Question 39.62: (a) What is the wavelength of light for the least energetic ......
(a) What is the wavelength of light for the least energetic photon emitted in the Balmer series of the hydrogen atom spectrum lines? (b) What is the wavelength of the series limit?
(a) The “home-base” energy level for the Balmer series is n = 2. Thus the transition with the least energetic photon is the one from the n = 3 level to the n = 2 level.
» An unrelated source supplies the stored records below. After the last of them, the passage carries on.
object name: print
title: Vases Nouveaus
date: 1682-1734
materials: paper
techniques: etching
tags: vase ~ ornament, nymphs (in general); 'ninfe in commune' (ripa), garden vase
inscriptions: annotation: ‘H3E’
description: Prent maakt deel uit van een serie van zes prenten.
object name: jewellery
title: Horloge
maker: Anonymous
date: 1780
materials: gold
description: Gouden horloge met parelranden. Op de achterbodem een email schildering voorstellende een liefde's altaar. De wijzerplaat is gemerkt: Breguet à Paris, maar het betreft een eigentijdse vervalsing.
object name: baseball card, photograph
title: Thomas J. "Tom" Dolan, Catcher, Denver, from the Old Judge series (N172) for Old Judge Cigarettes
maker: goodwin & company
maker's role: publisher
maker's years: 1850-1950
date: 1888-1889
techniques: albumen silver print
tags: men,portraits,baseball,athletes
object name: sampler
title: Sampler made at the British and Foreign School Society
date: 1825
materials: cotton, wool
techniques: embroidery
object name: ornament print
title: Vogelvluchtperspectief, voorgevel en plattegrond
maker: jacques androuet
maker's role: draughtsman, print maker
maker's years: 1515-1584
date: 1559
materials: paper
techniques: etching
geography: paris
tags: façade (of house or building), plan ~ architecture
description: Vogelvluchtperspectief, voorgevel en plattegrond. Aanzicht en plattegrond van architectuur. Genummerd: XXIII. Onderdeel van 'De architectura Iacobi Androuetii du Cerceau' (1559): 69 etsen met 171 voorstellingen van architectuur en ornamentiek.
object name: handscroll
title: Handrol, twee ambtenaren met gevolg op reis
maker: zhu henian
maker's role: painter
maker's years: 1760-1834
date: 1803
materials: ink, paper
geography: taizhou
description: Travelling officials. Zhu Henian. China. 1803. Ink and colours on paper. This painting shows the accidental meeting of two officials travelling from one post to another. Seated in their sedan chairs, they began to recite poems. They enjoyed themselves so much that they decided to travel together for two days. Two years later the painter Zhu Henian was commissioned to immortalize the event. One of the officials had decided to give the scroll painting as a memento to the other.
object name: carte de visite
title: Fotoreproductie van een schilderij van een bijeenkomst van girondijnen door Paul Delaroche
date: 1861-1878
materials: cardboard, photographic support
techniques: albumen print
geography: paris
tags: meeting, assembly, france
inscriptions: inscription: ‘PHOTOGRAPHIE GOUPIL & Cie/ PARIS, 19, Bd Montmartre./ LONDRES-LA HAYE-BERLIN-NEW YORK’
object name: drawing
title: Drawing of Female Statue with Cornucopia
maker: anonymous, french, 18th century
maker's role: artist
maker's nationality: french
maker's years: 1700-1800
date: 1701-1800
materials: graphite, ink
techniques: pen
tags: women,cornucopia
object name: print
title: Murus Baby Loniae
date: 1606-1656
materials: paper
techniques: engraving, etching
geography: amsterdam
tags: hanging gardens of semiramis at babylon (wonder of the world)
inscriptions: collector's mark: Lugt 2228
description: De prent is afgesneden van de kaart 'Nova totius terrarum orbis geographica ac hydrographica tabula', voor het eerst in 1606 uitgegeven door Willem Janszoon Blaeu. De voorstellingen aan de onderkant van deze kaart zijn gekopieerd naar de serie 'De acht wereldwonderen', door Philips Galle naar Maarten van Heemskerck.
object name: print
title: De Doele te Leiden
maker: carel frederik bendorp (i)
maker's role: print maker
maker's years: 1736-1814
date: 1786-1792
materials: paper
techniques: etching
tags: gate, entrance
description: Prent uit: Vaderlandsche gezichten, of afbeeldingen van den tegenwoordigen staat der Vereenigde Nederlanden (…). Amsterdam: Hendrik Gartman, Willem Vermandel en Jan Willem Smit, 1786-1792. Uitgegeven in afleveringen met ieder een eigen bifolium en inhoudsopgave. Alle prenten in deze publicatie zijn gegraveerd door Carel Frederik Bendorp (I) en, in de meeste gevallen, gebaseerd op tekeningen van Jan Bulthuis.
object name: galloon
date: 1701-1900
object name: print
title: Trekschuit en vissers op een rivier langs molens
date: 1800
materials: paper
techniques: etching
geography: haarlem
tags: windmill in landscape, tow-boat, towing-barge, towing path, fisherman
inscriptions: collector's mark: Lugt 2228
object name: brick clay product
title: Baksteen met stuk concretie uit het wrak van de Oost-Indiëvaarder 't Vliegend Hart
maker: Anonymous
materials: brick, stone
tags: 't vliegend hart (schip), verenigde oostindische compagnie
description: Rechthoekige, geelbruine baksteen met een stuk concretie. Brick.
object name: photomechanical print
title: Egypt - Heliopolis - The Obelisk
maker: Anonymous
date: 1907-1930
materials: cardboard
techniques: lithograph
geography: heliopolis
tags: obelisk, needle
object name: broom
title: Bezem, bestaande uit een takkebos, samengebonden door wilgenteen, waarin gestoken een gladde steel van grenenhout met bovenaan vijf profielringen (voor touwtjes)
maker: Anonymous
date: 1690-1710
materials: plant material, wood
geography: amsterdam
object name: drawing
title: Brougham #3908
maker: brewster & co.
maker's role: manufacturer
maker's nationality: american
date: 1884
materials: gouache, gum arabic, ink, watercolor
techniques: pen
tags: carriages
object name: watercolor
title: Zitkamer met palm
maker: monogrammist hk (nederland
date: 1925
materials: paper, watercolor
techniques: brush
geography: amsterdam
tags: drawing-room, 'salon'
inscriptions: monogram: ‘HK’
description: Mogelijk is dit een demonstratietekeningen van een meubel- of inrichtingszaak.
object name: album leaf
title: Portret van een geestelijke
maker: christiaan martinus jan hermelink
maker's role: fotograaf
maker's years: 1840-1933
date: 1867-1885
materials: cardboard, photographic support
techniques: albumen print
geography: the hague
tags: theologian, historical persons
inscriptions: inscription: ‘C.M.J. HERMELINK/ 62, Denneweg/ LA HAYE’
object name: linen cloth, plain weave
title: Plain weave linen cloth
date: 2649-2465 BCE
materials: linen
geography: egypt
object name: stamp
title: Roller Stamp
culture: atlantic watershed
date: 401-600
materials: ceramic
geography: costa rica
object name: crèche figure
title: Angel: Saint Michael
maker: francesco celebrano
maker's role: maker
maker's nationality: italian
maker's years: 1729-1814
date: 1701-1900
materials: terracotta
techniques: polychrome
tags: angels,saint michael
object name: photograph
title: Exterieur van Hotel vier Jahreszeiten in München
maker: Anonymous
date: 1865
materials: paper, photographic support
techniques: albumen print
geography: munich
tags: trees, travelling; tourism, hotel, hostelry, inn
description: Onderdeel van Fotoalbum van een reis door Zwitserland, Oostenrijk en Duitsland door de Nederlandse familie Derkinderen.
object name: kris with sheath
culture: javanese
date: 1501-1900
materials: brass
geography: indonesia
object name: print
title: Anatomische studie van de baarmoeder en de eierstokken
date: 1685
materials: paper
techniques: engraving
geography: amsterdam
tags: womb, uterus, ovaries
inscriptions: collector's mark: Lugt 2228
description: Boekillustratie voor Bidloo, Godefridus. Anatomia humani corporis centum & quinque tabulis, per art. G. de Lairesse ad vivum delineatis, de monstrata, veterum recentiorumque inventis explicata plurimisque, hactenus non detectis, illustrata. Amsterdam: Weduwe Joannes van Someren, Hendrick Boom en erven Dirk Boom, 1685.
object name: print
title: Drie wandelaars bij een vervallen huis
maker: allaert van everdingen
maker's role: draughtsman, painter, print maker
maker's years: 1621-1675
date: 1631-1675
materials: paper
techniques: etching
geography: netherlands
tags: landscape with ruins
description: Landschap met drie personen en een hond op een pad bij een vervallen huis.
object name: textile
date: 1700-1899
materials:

The energy difference for this transition is
\Delta E=E_3-E_2=- (13.6 \,eV )\left(\frac{1}{3^2}-\frac{1}{2^2}\right)=1.889 \,eV .
Using hc = 1240 eV · nm, the corresponding wavelength is
\lambda=\frac{h c}{\Delta E}=\frac{1240 \, eV \cdot nm }{1.889 \, eV }=658 \,nm .
(b) For the series limit, the energy difference is
\Delta E=E_{\infty}-E_2=- ( 13.6\, eV) \left(\frac{1}{\infty^2}-\frac{1}{2^2}\right)=3.40 \,eV .
The corresponding wavelength is then \lambda=\frac{h c}{\Delta E}=\frac{1240 \,eV \cdot nm }{3.40\, eV }=366 \,nm .